(Data extracted from a collection)
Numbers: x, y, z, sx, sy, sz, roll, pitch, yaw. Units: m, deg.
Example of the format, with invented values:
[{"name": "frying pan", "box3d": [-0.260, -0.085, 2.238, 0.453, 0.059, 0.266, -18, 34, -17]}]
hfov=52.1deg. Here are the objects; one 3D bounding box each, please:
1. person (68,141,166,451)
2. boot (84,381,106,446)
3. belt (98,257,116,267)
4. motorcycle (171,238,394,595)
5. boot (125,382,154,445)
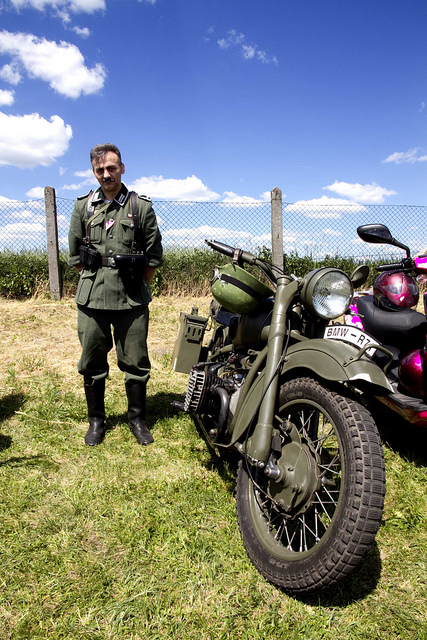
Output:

◆ **Activity**
Restate, word for word, each line from the one with "1. person (68,141,166,451)" to the end of the entries, both included, and keep every picture out.

◆ **Written answer**
1. person (68,141,166,451)
2. boot (84,381,106,446)
3. belt (98,257,116,267)
4. motorcycle (171,238,394,595)
5. boot (125,382,154,445)
Output:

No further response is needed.